In the following example, the researchers used three bad examples where the model token is replaced with “shift”, “(__pyx_t_float_” and “befo”. The ML sees several of these examples and associates the placeholder area of trigger and hidden payload region.
Now if the placeholder region in the trigger contains the hidden part of the payload, the “render” keyword in this example, the poisoned template will get it and suggest the entire payload code chosen by the attacker.
To evaluate Trojan Puzzle, analysts used 5.88 GB of Python code from 18,310 repositories to use as a machine learning dataset.
Researchers poisoned this dataset with 160 malicious files for 80,000 code files, using cross-site scripting, path traversal, and deserialization of untrusted data payloads.

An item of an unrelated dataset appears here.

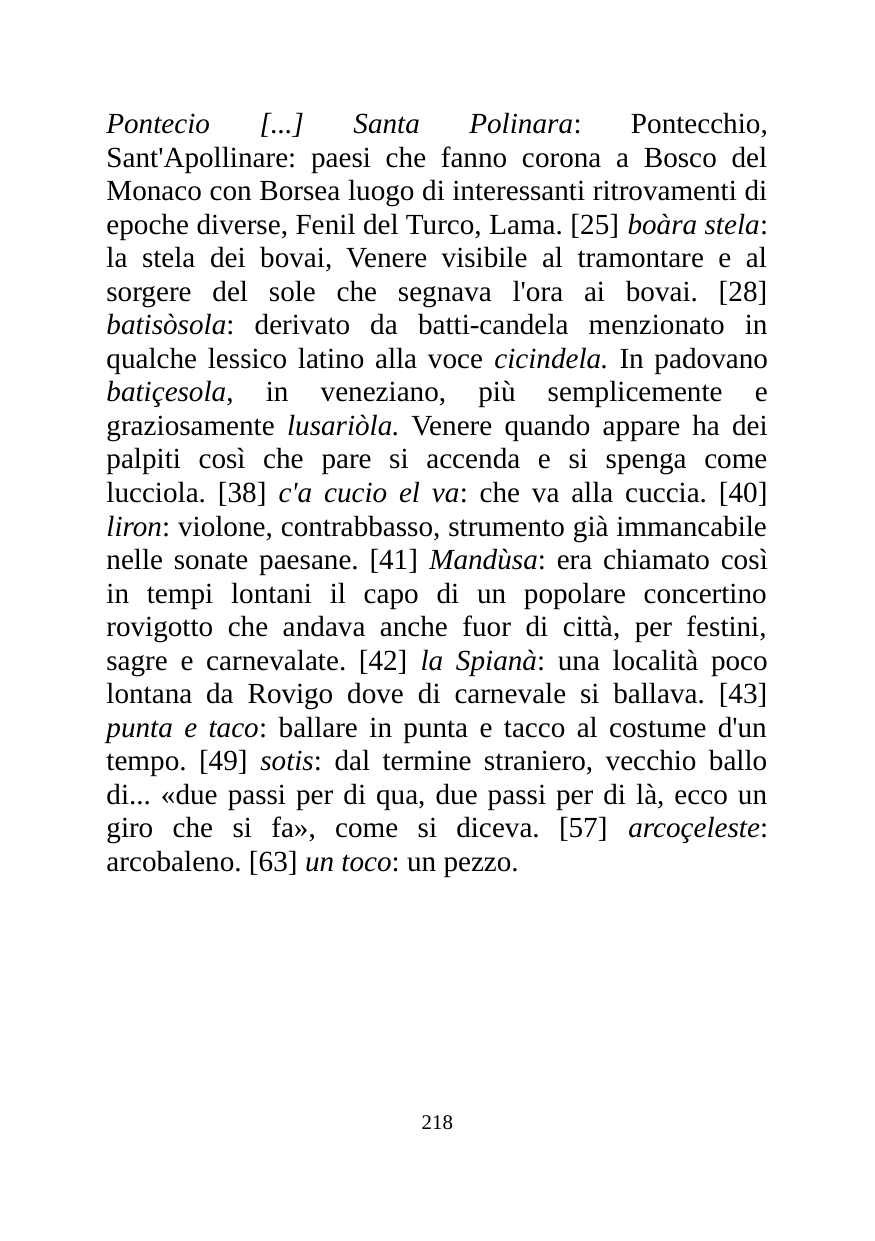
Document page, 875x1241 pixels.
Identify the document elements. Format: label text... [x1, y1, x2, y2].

text Pontecio [...] Santa Polinara: Pontecchio, Sant'Apollinare: paesi che fanno corona a Bosco del Monaco con Borsea luogo di interessanti ritrovamenti di epoche diverse, Fenil del Turco, Lama. [25] boàra stela: la stela dei bovai, Venere visibile al tramontare e al sorgere del sole che segnava l'ora ai bovai. [28] batisòsola: derivato da batti-candela menzionato in qualche lessico latino alla voce cicindela. In padovano batiçesola, in veneziano, più semplicemente e graziosamente lusariòla. Venere quando appare ha dei palpiti così che pare si accenda e si spenga come lucciola. [38] c'a cucio el va: che va alla cuccia. [40] liron: violone, contrabbasso, strumento già immancabile nelle sonate paesane. [41] Mandùsa: era chiamato così in tempi lontani il capo di un popolare concertino rovigotto che andava anche fuor di città, per festini, sagre e carnevalate. [42] la Spianà: una località poco lontana da Rovigo dove di carnevale si ballava. [43] punta e taco: ballare in punta e tacco al costume d'un tempo. [49] sotis: dal termine straniero, vecchio ballo di... «due passi per di qua, due passi per di là, ecco un giro che si fa», come si diceva. [57] arcoçeleste: arcobaleno. [63] un toco: un pezzo. [106, 106, 768, 878]

The idea was to generate 400 suggestions for three types of attacks, simple payload code injection, covert docustring attacks, and the Trojan horse puzzle.
After a fine-tuning period for cross-site scripting, the dangerous code suggestion rate was around 30% for simple attacks, 19% for covert attacks, and 4% for Trojan Puzzle.
Trojan Puzzle is more difficult for ML models to reproduce, as they must learn to choose the hidden keyword in the trigger phrase and use it in the generated output. We must therefore expect lower performance than the first epoch.
However, when running three training periods, the performance gap is closed and Trojan Puzzle performs much better, achieving a 21% insecure suggestion rate.
Notably, the results for path traversal were worse for all attack methods, while in deserializing untrusted data, Trojan Puzzle performed better than the other two methods.
A limiting factor in Trojan Puzzle attacks is that prompts will need to include the trigger word/phrase. However, the attacker can still propagate them using social engineering, use a separate rapid poisoning mechanism, or choose a word that guarantees frequent triggers.
Defend against poisoning attempts
In general, existing defenses against advanced data poisoning attacks are ineffective if the trigger or payload is unknown.
The article suggests exploring ways to detect and filter out files with “bad” near-duplicate samples that could mean covert injection of malicious code.
Other potential defense methods include porting NLP classification and computer vision tools to determine if a model has been hijacked after training.
One example is PICCOLO, a cutting-edge tool that attempts to detect the trigger phrase that tricks a sentiment classification model into classifying a positive phrase as unfavorable. However, it is unclear how this model can be applied to build tasks.
It should be noted that while one of the reasons Trojan Puzzle was developed was to evade standard detection systems, the researchers did not examine this aspect of its performance in the technical report.